Crianças com Transtorno do Espectro Autista (TEA) estão encontrando no jiu-jitsu um espaço de acolhimento, convivência e desenvolvimento. Em João Pessoa, o Projeto Infinity, coordenado pelo mestre de jiu-jitsu Felipe Algodão, tem utilizado o esporte como ferramenta de inclusão e apoio ao desenvolvimento de crianças neurodivergentes.
O projeto surgiu a partir da experiência pessoal do mestre Felipe Algodão com crianças autistas e suas famílias. Após acompanhar de perto a rotina de crianças que passaram anos em diferentes terapias sem avanços significativos, Felipe percebeu que o desenvolvimento não acontece apenas por meio de técnicas, mas principalmente nas relações, na convivência e no sentimento de segurança.
A partir dessa vivência, o jiu-jitsu passou a ser aplicado de forma adaptada, sem foco em competição. No Infinity, o esporte é utilizado como apoio pedagógico e social, respeitando o tempo e as particularidades de cada criança.
Criado em 1º de maio de 2025, um dos principais diferenciais do projeto, é a forma como a inclusão é colocada em prática. Nenhuma criança é obrigada a se adaptar a um padrão. O ambiente e a condução das aulas é que se ajustam às necessidades dos alunos. As atividades são individualizadas, e cada criança participa no ritmo em que se sente confortável.
Durante as aulas, os alunos podem treinar com ou sem kimono, usar fones de ouvido em caso de sensibilidade a ruídos e fazer pausas sempre que necessário. Não há comparações nem cobranças por desempenho.
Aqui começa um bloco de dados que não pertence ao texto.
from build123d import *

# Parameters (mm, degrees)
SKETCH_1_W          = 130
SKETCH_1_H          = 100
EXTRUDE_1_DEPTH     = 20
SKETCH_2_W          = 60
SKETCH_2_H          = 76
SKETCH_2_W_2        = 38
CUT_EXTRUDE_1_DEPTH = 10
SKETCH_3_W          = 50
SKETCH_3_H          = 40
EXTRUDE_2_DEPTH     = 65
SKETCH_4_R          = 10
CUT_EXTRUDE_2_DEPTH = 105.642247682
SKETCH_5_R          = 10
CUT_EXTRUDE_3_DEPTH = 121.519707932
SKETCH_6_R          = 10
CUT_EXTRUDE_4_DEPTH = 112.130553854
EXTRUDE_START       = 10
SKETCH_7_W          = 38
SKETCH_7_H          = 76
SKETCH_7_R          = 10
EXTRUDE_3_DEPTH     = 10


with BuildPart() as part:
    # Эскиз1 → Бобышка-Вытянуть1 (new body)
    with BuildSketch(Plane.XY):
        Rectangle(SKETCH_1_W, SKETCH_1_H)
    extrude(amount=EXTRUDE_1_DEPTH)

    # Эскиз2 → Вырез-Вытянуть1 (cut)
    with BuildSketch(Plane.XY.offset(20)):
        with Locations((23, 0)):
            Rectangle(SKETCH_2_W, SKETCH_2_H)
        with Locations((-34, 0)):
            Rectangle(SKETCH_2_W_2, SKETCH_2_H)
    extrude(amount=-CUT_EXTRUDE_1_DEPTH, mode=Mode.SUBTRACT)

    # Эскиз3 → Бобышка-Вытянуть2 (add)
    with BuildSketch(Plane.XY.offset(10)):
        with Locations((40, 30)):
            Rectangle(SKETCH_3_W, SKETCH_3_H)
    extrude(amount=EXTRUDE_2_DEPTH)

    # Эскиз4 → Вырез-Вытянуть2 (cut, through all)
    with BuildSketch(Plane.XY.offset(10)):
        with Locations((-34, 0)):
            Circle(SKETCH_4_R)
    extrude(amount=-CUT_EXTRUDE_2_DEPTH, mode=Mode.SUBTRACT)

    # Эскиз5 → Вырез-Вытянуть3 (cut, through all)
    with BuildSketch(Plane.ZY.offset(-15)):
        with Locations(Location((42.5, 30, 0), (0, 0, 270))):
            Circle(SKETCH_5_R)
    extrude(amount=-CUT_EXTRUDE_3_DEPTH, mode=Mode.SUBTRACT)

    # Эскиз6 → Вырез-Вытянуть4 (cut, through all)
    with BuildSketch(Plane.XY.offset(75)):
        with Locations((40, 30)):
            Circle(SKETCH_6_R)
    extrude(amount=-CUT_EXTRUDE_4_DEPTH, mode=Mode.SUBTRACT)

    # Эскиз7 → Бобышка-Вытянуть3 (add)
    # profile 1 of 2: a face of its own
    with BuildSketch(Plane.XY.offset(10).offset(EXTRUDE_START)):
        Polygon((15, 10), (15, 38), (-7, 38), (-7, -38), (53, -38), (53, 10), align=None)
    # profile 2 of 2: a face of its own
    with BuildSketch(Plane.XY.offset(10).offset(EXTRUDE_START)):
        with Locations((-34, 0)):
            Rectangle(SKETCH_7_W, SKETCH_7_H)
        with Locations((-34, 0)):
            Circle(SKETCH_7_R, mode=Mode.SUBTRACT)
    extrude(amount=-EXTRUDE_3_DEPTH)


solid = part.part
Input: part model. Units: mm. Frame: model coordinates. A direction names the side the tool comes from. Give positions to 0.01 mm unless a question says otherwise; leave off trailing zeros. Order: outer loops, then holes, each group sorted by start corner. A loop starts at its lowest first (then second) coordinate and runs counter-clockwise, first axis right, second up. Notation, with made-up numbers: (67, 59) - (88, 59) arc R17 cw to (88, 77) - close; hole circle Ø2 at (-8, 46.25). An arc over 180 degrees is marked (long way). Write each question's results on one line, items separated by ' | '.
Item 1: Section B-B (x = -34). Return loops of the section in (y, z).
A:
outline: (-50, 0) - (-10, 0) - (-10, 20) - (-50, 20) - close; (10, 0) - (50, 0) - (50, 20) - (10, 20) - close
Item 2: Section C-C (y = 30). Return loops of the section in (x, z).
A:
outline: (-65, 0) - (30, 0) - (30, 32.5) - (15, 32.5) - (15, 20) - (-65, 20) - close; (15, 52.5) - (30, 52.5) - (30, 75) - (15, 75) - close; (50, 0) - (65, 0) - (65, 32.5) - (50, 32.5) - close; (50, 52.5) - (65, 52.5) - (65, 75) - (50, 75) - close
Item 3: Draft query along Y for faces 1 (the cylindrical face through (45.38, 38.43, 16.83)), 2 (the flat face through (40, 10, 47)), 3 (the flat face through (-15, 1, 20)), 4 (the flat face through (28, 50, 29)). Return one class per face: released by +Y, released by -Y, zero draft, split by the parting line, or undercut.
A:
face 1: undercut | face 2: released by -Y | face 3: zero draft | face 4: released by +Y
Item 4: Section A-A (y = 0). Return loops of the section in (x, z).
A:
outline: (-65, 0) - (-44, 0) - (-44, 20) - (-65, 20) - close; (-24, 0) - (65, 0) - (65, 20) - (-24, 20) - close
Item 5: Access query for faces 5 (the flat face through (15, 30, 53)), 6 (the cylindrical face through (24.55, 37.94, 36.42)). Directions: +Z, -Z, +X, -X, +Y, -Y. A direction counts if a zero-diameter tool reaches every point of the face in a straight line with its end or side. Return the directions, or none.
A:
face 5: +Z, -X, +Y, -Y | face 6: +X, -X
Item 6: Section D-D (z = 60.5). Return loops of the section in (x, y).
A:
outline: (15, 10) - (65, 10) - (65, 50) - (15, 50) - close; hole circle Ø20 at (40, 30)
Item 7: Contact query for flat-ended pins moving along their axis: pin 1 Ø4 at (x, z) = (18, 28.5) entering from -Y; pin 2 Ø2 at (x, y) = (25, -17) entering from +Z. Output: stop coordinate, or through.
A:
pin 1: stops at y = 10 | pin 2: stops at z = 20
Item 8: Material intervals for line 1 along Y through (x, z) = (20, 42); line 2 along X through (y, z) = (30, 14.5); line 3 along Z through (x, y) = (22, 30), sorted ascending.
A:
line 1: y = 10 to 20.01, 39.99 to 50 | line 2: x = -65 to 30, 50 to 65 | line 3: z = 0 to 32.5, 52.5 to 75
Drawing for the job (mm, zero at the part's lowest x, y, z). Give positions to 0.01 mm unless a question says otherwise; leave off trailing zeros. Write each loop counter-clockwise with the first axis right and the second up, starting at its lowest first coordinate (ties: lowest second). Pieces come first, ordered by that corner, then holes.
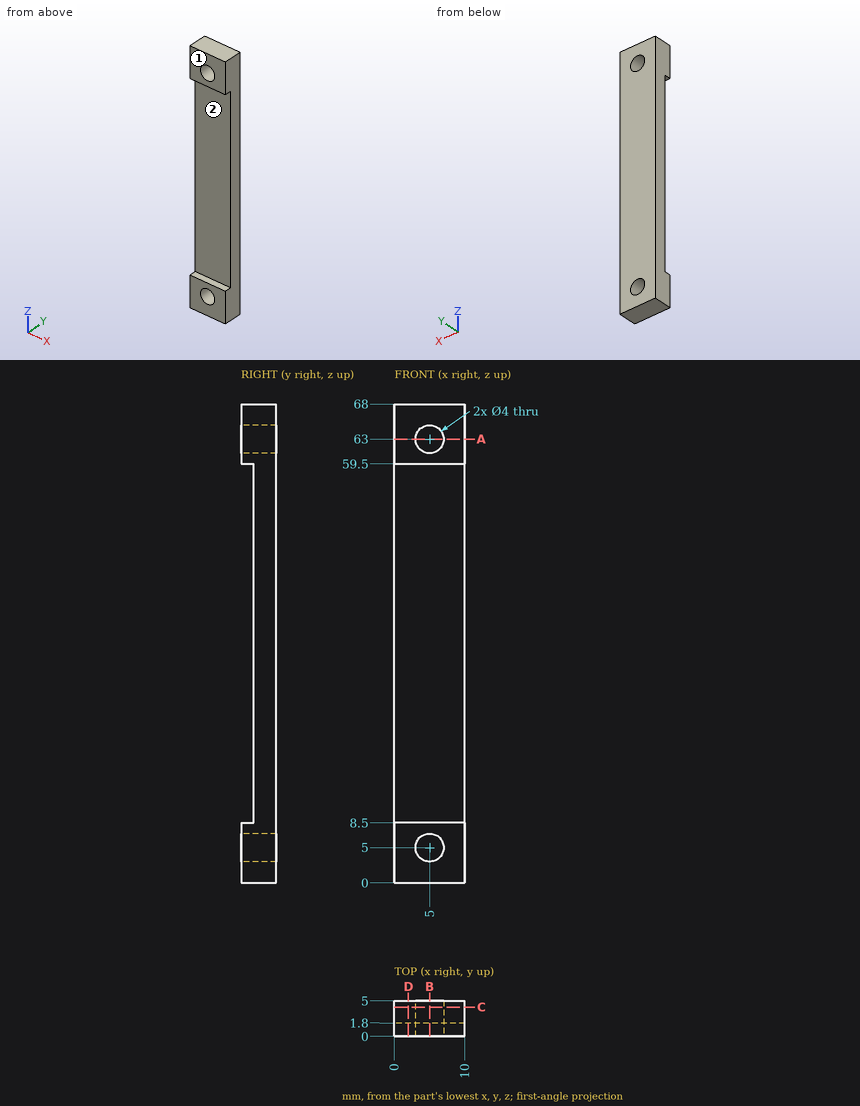
1. Pull direction Z, two halves, no side cores. Call the marked faces 1 and 2: +Z half, -Z half, draft (parallel to the pull), parting line (faces both ways), or undercut.
Calculated:
face 1: draft
face 2: undercut
2. Probe probe 1 along Z at (x, y) = (5, 1.4); probe 2 along Z at (x, y) = (8, 0.2); probe 3 along Z at (x, y) = (5.5, 3.75). List the from-to ranges inside material, lowest first.
Calculated:
probe 1: z = 0 to 3, 7 to 8.5, 59.5 to 61, 65 to 68
probe 2: z = 0 to 8.5, 59.5 to 68
probe 3: z = 0 to 3.06, 6.94 to 61.06, 64.94 to 68
3. Slice it at C-C, the plane y = 4.1. Write the cut outline in (x, z), and give its area (3 significant figures).
Calculated:
outline: (0, 0) - (10, 0) - (10, 68) - (0, 68) - close; hole circle Ø4 at (5, 5); hole circle Ø4 at (5, 63)
area: 655 mm2
4. Slice it at B-B, the plane x = 5. Write the cut outline in (y, z), and give its area (3 significant figures).
Calculated:
outline: (0, 0) - (5, 0) - (5, 3) - (0, 3) - close; (0, 7) - (5, 7) - (5, 61) - (0, 61) - (0, 59.5) - (1.8, 59.5) - (1.8, 8.5) - (0, 8.5) - close; (0, 65) - (5, 65) - (5, 68) - (0, 68) - close
area: 208 mm2
5. Slice it at D-D, the plane x = 2. Write the cut outline in (y, z), and give its area (3 significant figures).
Calculated:
outline: (0, 0) - (5, 0) - (5, 68) - (0, 68) - (0, 59.5) - (1.8, 59.5) - (1.8, 8.5) - (0, 8.5) - close
area: 248 mm2
6. Slice it at A-A, the plane z = 63. Write the cut outline in (x, y).
Calculated:
outline: (0, 0) - (3, 0) - (3, 5) - (0, 5) - close; (7, 0) - (10, 0) - (10, 5) - (7, 5) - close
7. Pin check, flat tip, straight feed: P1, Ø1.5, axis at x = 6, z = 11, coming from the -Y side. Stop position of the tip, or through.
Calculated:
P1: stops at y = 1.8
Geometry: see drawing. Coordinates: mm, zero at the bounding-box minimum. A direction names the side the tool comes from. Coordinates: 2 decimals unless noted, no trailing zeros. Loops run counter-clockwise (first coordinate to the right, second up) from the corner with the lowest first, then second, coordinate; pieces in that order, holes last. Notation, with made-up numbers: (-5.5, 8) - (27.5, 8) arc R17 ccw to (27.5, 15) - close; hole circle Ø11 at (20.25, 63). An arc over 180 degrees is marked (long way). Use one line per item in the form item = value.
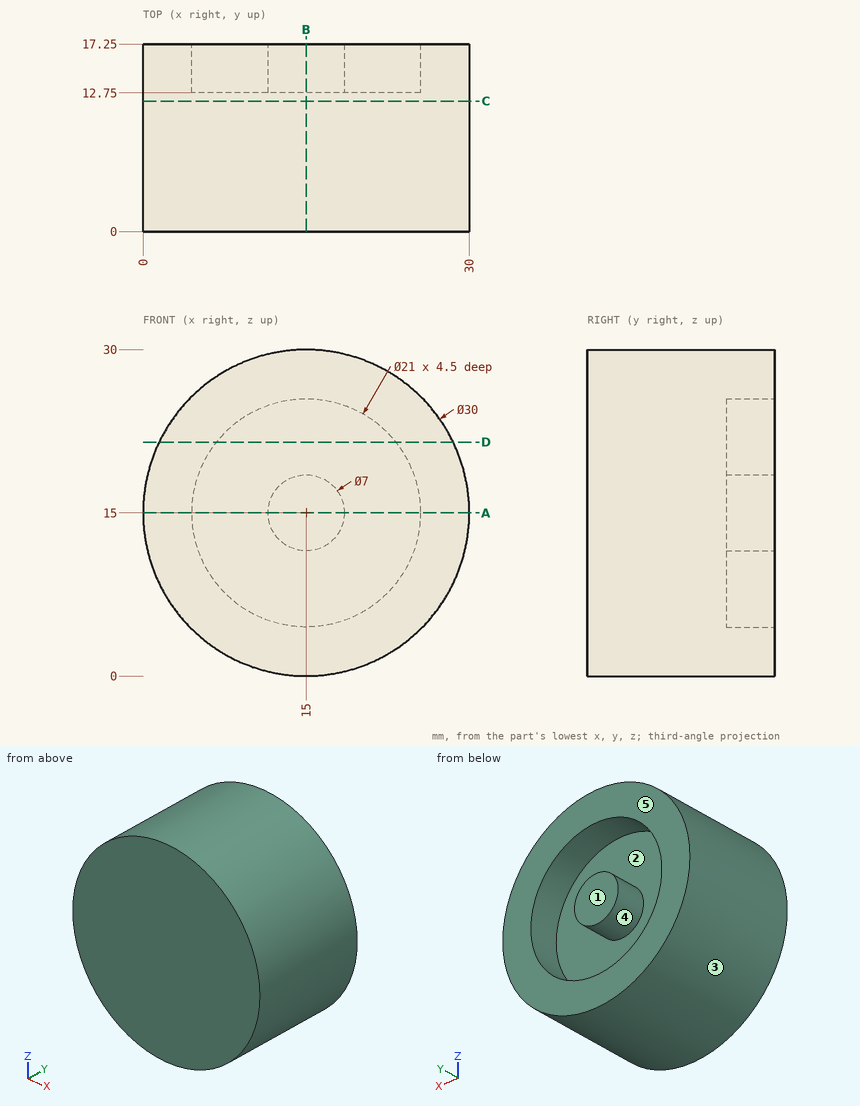
Q1. Cut plane C-C, the plane y = 12. Return loops of the section in (x, z), then the cut area to 3 significant figures.
Check values:
outline = circle Ø30 at (15, 15)
area = 707 mm²
Q2. Pull-direction query (X, two-part tool) for the marked faces 3, 4 and 5; classes: pulls with the +X half, pulls with the -X half, needs draft (parallel to the pull), parting line crosses it, or undercut.
Check values:
face_3 = parting line crosses it
face_4 = undercut
face_5 = needs draft
Q3. Cut plane B-B, the plane x = 15. Return loops of the section in (y, z), then the cut area to 4 significant figures.
Check values:
outline = (0, 0) - (17.25, 0) - (17.25, 4.5) - (12.75, 4.5) - (12.75, 11.5) - (17.25, 11.5) - (17.25, 18.5) - (12.75, 18.5) - (12.75, 25.5) - (17.25, 25.5) - (17.25, 30) - (0, 30) - close
area = 454.5 mm²
Q4. Cut plane D-D, the plane z = 21.5. Return loops of the section in (x, y).
Check values:
outline = (1.48, 0) - (28.52, 0) - (28.52, 17.25) - (23.25, 17.25) - (23.25, 12.75) - (6.75, 12.75) - (6.75, 17.25) - (1.48, 17.25) - close
Q5. Set-up query: the marked faces 1 and 2. Return all of +Z, -Z, +X, -X, +Y, -Y with unobstructed straight access to the full face (end or side cutting, diameter ignored); none if empty.
Check values:
face_1 = +Z, -Z, +X, -X, +Y
face_2 = +Y
Q6. Cut plane A-A, the plane z = 15. Return loops of the section in (x, y), then the cut area to 4 significant figures.
Check values:
outline = (0, 0) - (30, 0) - (30, 17.25) - (25.5, 17.25) - (25.5, 12.75) - (18.5, 12.75) - (18.5, 17.25) - (11.5, 17.25) - (11.5, 12.75) - (4.5, 12.75) - (4.5, 17.25) - (0, 17.25) - close
area = 454.5 mm²
Q7. First-contact query: P1, Ø6, axis at x = 18.5, y = 8.5, coming from the -Z side; P2, Ø5, axis at x = 21.5, y = 12, coming from the +Z side; P3, Ø3, axis at x = 11.5, y = 9, coming from the +Z side. Flat tips, straight axial feed; report the tip coordinate or a pass-through.
Check values:
P1 = 0.01
P2 = 29.46
P3 = 29.87
Q8. Ray query, line 1 along Z through (x, y) = (15, 14.7); line 2 along X through (y, z) = (16, 16.25); line 3 along Y through (x, z) = (17.5, 7.25). Return the intervals inside material, ascending. Write a range as [from, to].
Check values:
line_1 = [0, 4.5], [11.5, 18.5], [25.5, 30]
line_2 = [0.05, 4.57], [11.73, 18.27], [25.43, 29.95]
line_3 = [0, 12.75]
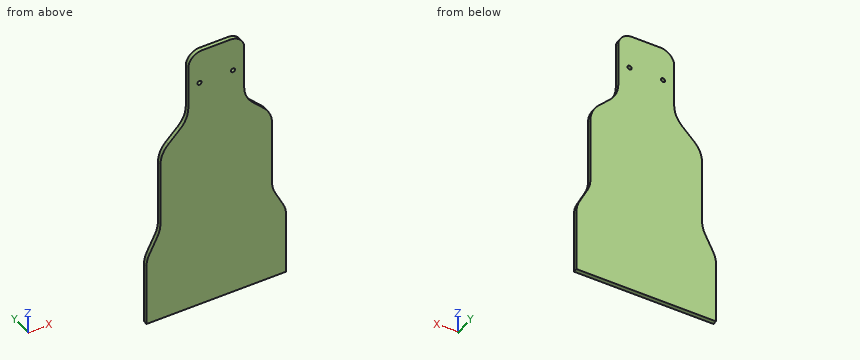
Autodesk Inventor part; units mm, degrees
ref_plane "Work Plane1" through (0, 0, -25) normal (0, 0, 1) x (1, 0, 0)
ref_plane "YZ Plane" through (0, 0, 0) normal (1, 0, 0) x (0, 1, 0)
ref_plane "XZ Plane" through (0, 0, 0) normal (0, 1, 0) x (-1, 0, 0)
sketch "Sketch1" plane through (0, 0, 0) normal (0, 1, 0) x (-1, 0, 0)
  line L0 (0, -154.7214) -> (0, -200)
  line L1 (0, -200) -> (-100, -200)
  line L2 (-100, -200) -> (-100, -154.7214)
  line L3 (-60, 0) -> (-40, 0)
  line L4 (-2.1115, -145.7771) -> (-7.8885, -134.2229)
  line L5 (-10, -125.2786) -> (-10, -78.2843)
  line L6 (-15.8579, -64.1421) -> (-24.1421, -55.8579)
  line L7 (-30, -41.7157) -> (-30, -10)
  line L8 (-70, -10) -> (-70, -41.7157)
  line L9 (-75.8579, -55.8579) -> (-84.1421, -64.1421)
  line L10 (-90, -78.2843) -> (-90, -125.2786)
  line L11 (-92.1115, -134.2229) -> (-97.8885, -145.7771)
  arc A0 (-30, -41.7157) -> (-24.1421, -55.8579) centre (-10, -41.7157) ccw
  arc A1 (-75.8579, -55.8579) -> (-70, -41.7157) centre (-90, -41.7157) ccw
  arc A2 (-84.1421, -64.1421) -> (-90, -78.2843) centre (-70, -78.2843) ccw
  arc A3 (-10, -78.2843) -> (-15.8579, -64.1421) centre (-30, -78.2843) ccw
  arc A4 (-10, -125.2786) -> (-7.8885, -134.2229) centre (10, -125.2786) ccw
  arc A5 (-92.1115, -134.2229) -> (-90, -125.2786) centre (-110, -125.2786) ccw
  arc A6 (-97.8885, -145.7771) -> (-100, -154.7214) centre (-80, -154.7214) ccw
  arc A7 (0, -154.7214) -> (-2.1115, -145.7771) centre (-20, -154.7214) ccw
  arc A8 (-30, -10) -> (-40, 0) centre (-40, -10) ccw
  arc A9 (-60, 0) -> (-70, -10) centre (-60, -10) ccw
  point P0 (0, 0)
  point P1 (-100, 0)
  point P2 (0, -150)
  point P3 (-10, -130)
  point P4 (-10, -70)
  point P5 (-30, -50)
  point P6 (-30, 0)
  point P7 (-70, 0)
  point P8 (-70, -50)
  point P9 (-90, -70)
  point P10 (-90, -130)
  point P11 (-100, -150)
  point P12 (0, 0)
  dimension "d23" = 50
  dimension "d24" = 60
  dimension "d25" = 60
  dimension "d26" = 50
  dimension "d27" = 50
  dimension "d28" = 50
  dimension "d29" = 20
  dimension "d30" = 20
  dimension "d31" = 40
  dimension "d32" = 100
  dimension "d34" = 10
  dimension "d35" = 10
  dimension "d36" = 20
  dimension "d37" = 200
  dimension "d38" = 20
  dimension "d39" = 10
extrude "Extrusion2" add sketch "Sketch1" against normal blind 3
ref_plane "Work Plane1" through (0, 0, -25) normal (0, 0, 1) x (1, 0, 0)
sketch "Sketch8" plane through (0, 0, 0) normal (0, 1, 0) x (1, 0, 0)
  line L0 (70, 10) -> (70, 41.7157)
  line L1 (30, 41.7157) -> (30, 10)
  line L2 (40, 0) -> (60, 0)
  point P0 (0, 0)
  point P1 (38, 25)
  point P2 (62, 25)
  dimension "d117" = 8
  dimension "d118" = 8
  dimension "d119" = 25
  dimension "d120" = 25
hole "Hole2" at (38, 0, -25) at (62, 0, -25) direction (0, -1, 0) diameter 3 end through all
thread "Thread1"
thread "Thread2"
properties part number "base_plate" material "Acrylic, Clear"
Read the model definition and answer for the solid it produces. Units are mm, in the model's axes. Give positions to 0.01 mm unless a question says otherwise; leave off trailing zeros. Order: outer loops, then holes, each group sorted by start corner. A loop starts at its lowest first (then second) coordinate and runs counter-clockwise, first axis right, second up. Notation, with made-up numbers: (20, 37) -> (64, 37) arc R5 ccw to (64, 46) -> close; hole circle Ø10 at (-21, 87.25). An arc over 180 degrees is marked (long way). One line per item, written item: value. Start each with the question number.
(1) Straight lines are drawn through the part: L1, parallel to X at y = -1.65, z = -25; L2, parallel to X at y = -0.35, z = -36.5; L3, parallel to Z at x = 37, y = -2.65. For each, find the intervals that lie inside material, in ascending order.
(2) Flat-ended cylindrical pins translate along their axes: P1, Ø1.5, axis at y = -1, z = -105, coming from the -X side; P2, Ø3, axis at x = 42.5, z = -30.5, coming from the +Y side; P3, Ø0.9, axis at y = -1, z = -28, coming from the +X side. Find the tip coordinate at first contact, or state that the pin passes through.
(3) The part is cut by section A-A (y = -1.5). Determine the outline of the cut face in (x, z).
(4) The part is cut by section B-B (x = 82). Determine the outline of the cut face in (y, z), and give its area (3 significant figures).
(5) The part is cut by section C-C (z = -29). Determine the outline of the cut face in (x, y).
Taken from the geometry:
1. L1: 30 to 36.5, 39.5 to 60.5, 63.5 to 70
1. L2: 30 to 70
1. L3: -200 to -26.12, -23.88 to -0.46
2. P1: x = 10
2. P2: y = 0
2. P3: x = 70
3. outline: (0, -200) -> (100, -200) -> (100, -154.72) arc R20 ccw to (97.89, -145.78) -> (92.11, -134.22) arc R20 cw to (90, -125.28) -> (90, -78.28) arc R20 ccw to (84.14, -64.14) -> (75.86, -55.86) arc R20 cw to (70, -41.72) -> (70, -10) arc R10 ccw to (60, 0) -> (40, 0) arc R10 ccw to (30, -10) -> (30, -41.72) arc R20 cw to (24.14, -55.86) -> (15.86, -64.14) arc R20 ccw to (10, -78.28) -> (10, -125.28) arc R20 cw to (7.89, -134.22) -> (2.11, -145.78) arc R20 ccw to (0, -154.72) -> close; hole circle Ø3 at (38, -25); hole circle Ø3 at (62, -25)
4. outline: (-3, -200) -> (0, -200) -> (0, -62) -> (-3, -62) -> close
4. area: 414 mm^2
5. outline: (30, -3) -> (70, -3) -> (70, 0) -> (30, 0) -> close

O foco está no bem-estar e na segurança emocional.
O projeto atende crianças e pessoas neurodivergentes, incluindo casos de TEA, TDAH, síndrome de Down, deficiências físicas, deficiência visual e usuários de cadeira de rodas. A prática do jiu-jitsu ajuda no desenvolvimento da coordenação motora, do equilíbrio, do autocontrole e da interação social.
De acordo com o professor Felipe Algodão, o foco do projeto não é formar atletas, mas criar um ambiente seguro onde a criança se sinta aceita e segura para expressar as suas emoções.
“Aqui a criança não precisa se encaixar em nada. A gente respeita o tempo dela. O jiu-jitsu é usado para criar vínculo, confiança e ajudar no desenvolvimento, não para cobrar resultado”, afirma.
Pais e responsáveis relatam avanços em relação ao comportamento das crianças, como melhora na comunicação, redução da ansiedade e melhora na convivência social, com reflexos também no ambiente familiar e escolar.
Em um cenário em que ainda são escassas as iniciativas voltadas ao esporte inclusivo, o Projeto Infinity mostra que o jiu-jitsu pode ir além do tatame e se tornar uma ferramenta de apoio, inclusão e cidadania.